-------- Data to use --------
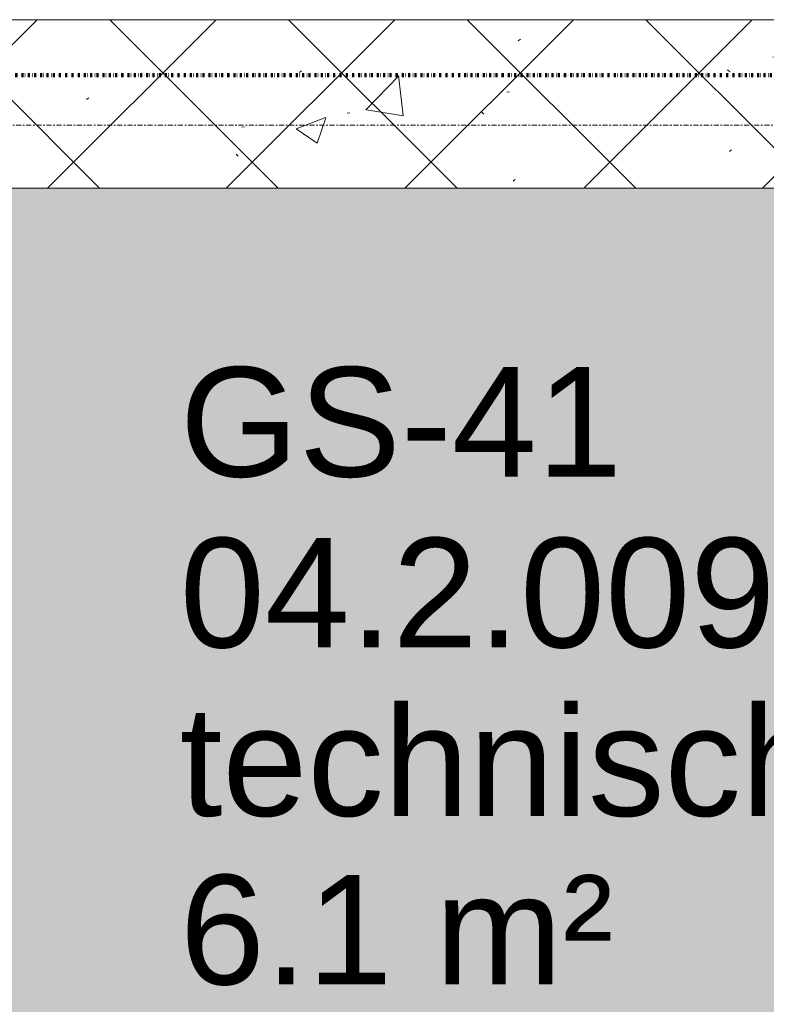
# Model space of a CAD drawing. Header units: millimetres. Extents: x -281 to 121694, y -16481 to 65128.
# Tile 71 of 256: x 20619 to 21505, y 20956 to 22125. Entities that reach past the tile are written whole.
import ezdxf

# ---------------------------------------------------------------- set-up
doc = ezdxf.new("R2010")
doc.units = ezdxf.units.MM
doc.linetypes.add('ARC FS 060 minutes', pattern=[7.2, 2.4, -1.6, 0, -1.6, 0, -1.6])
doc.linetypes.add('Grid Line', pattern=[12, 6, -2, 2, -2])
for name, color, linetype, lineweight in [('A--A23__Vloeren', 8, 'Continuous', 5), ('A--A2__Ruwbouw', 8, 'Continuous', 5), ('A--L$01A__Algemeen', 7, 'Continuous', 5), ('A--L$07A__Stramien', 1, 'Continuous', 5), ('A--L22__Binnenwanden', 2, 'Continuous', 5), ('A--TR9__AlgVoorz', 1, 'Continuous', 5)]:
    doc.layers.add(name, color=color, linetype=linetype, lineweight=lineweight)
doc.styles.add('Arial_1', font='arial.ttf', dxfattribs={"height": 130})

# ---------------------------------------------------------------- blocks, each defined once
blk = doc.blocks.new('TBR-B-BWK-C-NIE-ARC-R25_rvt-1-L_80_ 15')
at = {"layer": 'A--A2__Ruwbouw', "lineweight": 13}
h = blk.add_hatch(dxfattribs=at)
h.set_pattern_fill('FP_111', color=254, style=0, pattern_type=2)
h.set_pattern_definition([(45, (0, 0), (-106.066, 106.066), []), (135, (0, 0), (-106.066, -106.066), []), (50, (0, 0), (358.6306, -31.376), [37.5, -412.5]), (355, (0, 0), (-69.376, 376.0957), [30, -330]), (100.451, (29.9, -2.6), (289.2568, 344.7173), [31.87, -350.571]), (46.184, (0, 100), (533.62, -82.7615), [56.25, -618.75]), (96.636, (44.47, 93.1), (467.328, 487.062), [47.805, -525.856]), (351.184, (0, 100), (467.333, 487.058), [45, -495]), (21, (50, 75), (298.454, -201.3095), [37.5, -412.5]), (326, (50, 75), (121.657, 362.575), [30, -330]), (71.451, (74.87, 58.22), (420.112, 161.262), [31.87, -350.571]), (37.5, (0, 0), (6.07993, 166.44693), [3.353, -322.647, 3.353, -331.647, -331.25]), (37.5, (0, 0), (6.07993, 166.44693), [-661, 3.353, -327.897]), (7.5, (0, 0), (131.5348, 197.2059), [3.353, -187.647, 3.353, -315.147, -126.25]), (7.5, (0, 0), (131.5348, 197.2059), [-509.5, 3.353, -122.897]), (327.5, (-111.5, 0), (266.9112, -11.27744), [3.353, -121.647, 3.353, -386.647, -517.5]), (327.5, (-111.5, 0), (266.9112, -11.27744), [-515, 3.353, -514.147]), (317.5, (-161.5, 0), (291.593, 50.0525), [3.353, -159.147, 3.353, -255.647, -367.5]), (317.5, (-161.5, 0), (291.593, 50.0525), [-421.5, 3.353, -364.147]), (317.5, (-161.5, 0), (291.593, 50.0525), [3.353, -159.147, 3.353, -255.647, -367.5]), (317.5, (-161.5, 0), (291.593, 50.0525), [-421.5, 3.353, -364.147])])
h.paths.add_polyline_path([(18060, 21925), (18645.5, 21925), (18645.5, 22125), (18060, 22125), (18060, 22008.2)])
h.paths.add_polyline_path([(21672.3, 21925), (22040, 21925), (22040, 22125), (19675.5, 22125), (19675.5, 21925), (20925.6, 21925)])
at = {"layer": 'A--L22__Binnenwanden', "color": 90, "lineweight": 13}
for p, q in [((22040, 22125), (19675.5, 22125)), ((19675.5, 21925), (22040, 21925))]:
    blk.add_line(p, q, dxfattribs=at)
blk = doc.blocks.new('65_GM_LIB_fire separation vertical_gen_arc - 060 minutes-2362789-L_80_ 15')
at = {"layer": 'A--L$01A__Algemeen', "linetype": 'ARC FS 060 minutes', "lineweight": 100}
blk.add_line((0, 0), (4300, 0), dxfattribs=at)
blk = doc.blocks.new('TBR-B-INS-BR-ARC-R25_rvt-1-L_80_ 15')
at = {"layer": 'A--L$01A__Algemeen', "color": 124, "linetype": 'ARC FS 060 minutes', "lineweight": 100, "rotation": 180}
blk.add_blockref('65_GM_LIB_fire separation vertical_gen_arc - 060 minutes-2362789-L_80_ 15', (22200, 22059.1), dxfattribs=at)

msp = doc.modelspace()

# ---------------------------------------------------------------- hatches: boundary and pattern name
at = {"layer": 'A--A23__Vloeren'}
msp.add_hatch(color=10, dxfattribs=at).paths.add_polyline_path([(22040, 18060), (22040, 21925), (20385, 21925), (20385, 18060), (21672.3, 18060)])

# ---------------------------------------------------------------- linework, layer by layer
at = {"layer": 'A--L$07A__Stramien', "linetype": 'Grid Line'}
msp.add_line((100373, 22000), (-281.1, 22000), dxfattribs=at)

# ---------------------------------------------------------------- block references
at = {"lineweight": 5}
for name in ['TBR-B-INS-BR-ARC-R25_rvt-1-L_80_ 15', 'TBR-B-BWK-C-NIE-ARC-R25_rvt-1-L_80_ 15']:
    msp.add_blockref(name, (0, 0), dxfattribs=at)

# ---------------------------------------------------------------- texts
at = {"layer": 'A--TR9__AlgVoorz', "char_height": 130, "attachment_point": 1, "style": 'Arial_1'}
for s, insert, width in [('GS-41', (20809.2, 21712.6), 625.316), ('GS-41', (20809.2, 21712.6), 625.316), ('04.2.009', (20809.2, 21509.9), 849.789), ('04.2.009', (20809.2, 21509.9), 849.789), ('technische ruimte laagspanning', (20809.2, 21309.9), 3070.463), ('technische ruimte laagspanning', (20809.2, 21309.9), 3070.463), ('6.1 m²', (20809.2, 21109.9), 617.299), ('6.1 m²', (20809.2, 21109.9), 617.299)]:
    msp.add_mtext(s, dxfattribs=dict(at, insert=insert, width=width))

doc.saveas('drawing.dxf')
--------
Of all the entries above, retype exactly the lines from the line with "h = blk.add_hatch(dxfattribs=at)" to the line with "h.set_pattern_fill('FP_111', color=254, style=0, pattern_type=2)", both included, and no others.

h = blk.add_hatch(dxfattribs=at)
h.set_pattern_fill('FP_111', color=254, style=0, pattern_type=2)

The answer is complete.